• [Work task]: Please set down only the lines from the one containing "You are a computer-use" through the end of the entries below, exactly, minus any pictures.

• [The data]:
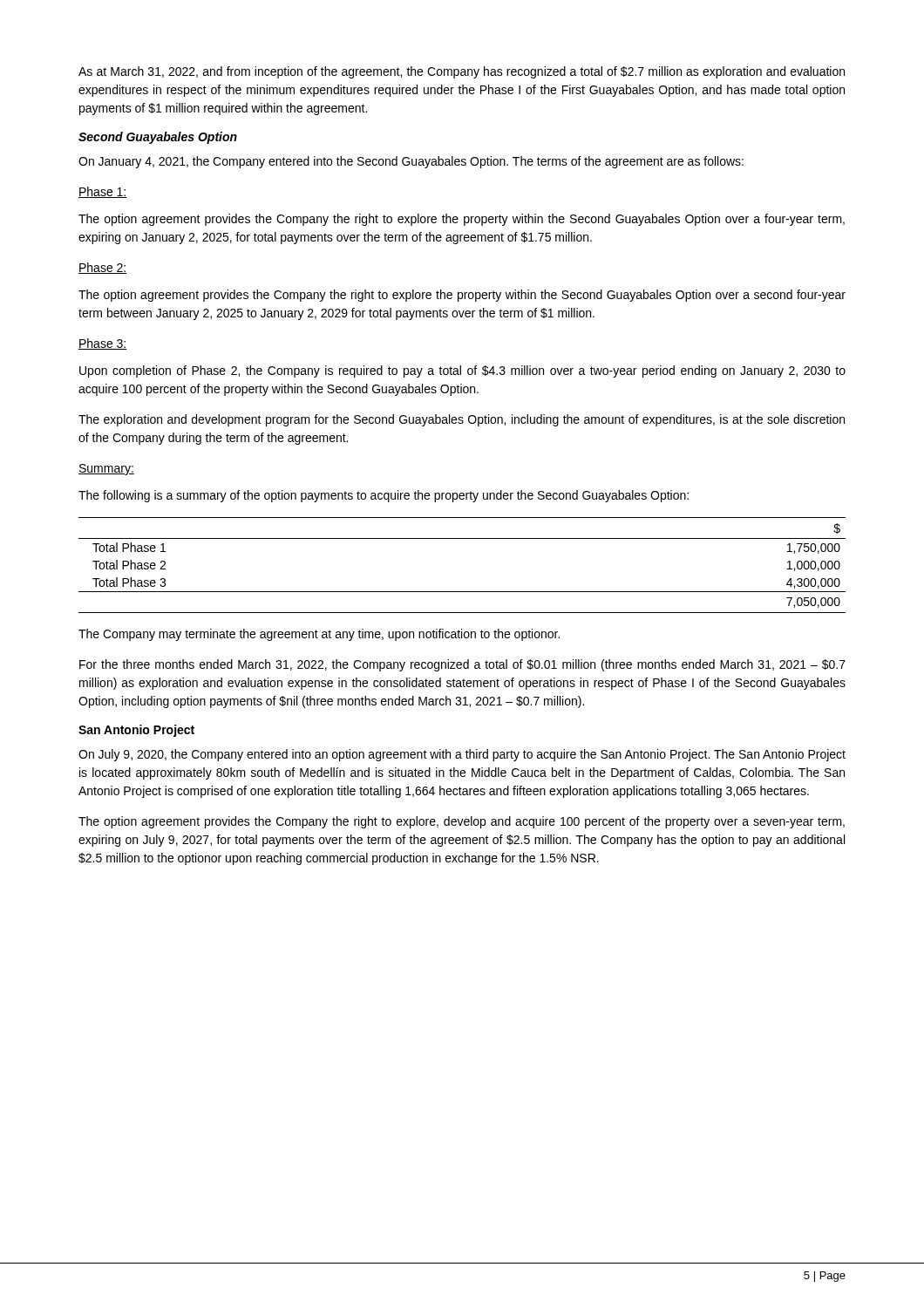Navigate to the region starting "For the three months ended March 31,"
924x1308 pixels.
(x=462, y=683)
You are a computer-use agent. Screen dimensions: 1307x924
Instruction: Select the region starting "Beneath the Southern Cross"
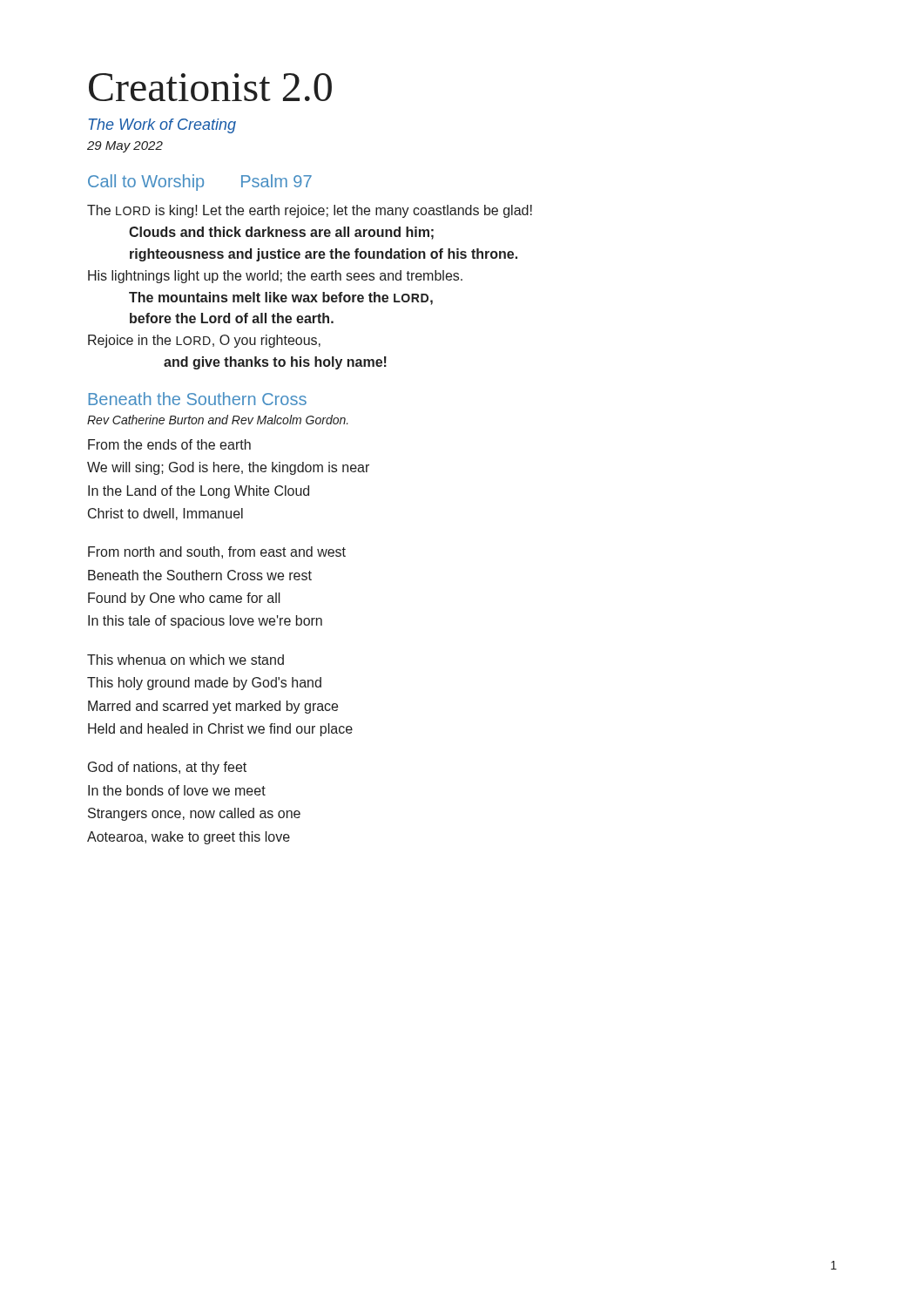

• [Result for this task]:
You are a computer-use agent. Screen dimensions: 1307x924
Instruction: Select the region starting "Beneath the Southern Cross"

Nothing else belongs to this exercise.